I usually sense something of a duty in these posts to promote the literature I read. There are a small number of notable exceptions. I lavished no praise on Gregory Maguire’s Wicked. But then that was just a bit of bookstore-shelf-browsing whimsy, not a Great Book on anyone’s list of Classic Literature. On the other hand, Charles Darwin’s books find their place on every attempt at a western canon that I’ve seen, and I haven’t had kind things to say about them, either. (See here, for instance.) Are there others? Oh, yeah! I gave Oswald Spengler a very hard time.
But I’ve written over 550 blog posts, most of them positive. My main purpose is to celebrate and share great, neglected literature. So why, I ask myself, did I write so negatively of James Joyce’s Ulysses last week? I suppose I just needed to express myself honestly, and at that moment, some 40% of the way through the book, I was very frustrated. I was frustrated with the length, with the obscurity of the language, and with finding that the musings of Stephen Dedalus and Leopold Bloom didn’t move me at all the way Joyce’s beautiful Dubliners does.
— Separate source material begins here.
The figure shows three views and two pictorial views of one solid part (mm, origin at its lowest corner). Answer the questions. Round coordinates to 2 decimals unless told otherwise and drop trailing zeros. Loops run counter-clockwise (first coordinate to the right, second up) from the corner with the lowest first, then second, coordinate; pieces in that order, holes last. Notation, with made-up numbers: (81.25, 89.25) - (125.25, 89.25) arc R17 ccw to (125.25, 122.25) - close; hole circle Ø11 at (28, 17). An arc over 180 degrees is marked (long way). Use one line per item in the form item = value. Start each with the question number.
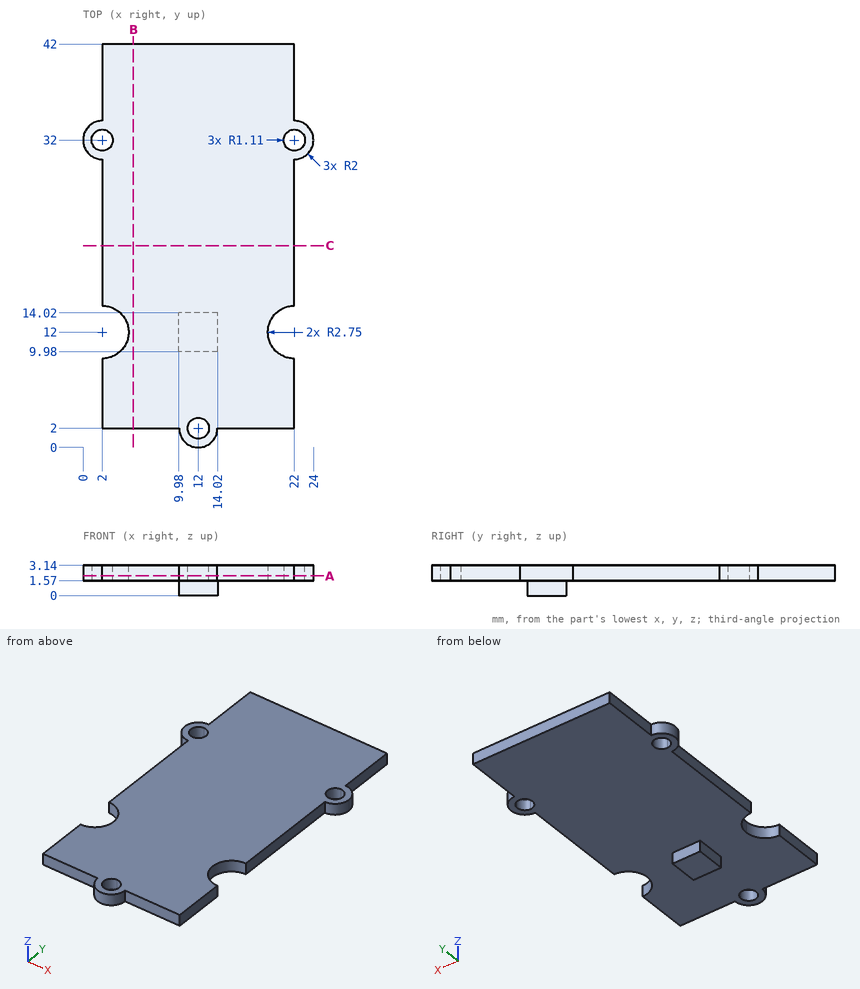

But two significant things have happened in the last seven days that have changed the situation. First, my friend Sarah I. wrote a comment on that first post that reminded me how much I believe that art doesn’t have to “move me” emotionally in order to delight or intrigue me. And second, the book suddenly got better for me the very day after I wrote the previous post. The next episode referenced Rabelais’s (I confess that I do not know the proper way to make an English possessive out of a French word ending in a silent ‘s’) Gargantua and Pantagruel, which I love. Its Gargantuan lists were often appealingly funny, and the subject of conversation – how Ireland has declined and how much of it can be blamed on the English – interests me.
But with the next episode, it suddenly seemed as if I got what was going on. The chapter begins with almost normal narrative prose describing two teen-age girls babysitting some toddlers at the beach. Their dialog essentially uses standard English, while that of the children is broken baby-talk. But then Gerty's interior monologue finds its way into the narrative, and every once in a while strange words, solecisms, elisions, and non sequiturs crop up. Once she gets consumed with showing off her legs to a stranger in church, her grammar – I think it's safe to use this phrase – breaks down. (Joyce called it “retrogressive progression.”) Then the reader finds out that the stranger is Leopold, who wants to do more than just look at the legs, and complete sentences and grammatical coherence disappear. Baby-talk has returned. Sex has degraded the human mind. Suddenly I got the idea that the fractured prose style itself made a point that the modern man is not what he could be. The next episode a mirror up to the process and traces the development of the English language (in narrating a human birth!) through forty paragraphs each representing the style of a different technique, genre, or specific author from history. I recognized many of them and definitely followed the centuries one Joyce got to Malory.
The book is still twice too long for me. Having read that Joyce said he put in enough enigmas and puzzles to keep the professors busy for a century didn’t help; I don’t think music professors were exactly the kind he had in mind. But all that just means that I’m not pausing to catch every reference, not having a spare century to spend on that project. And length per se doesn’t make a book bad in my eyes. As a matter of fact, I’m eagerly awaiting the arrival tomorrow of an unabridged translation of The Count of Monte Cristo, all 1296 pages of which I plan to enjoy reading this coming January.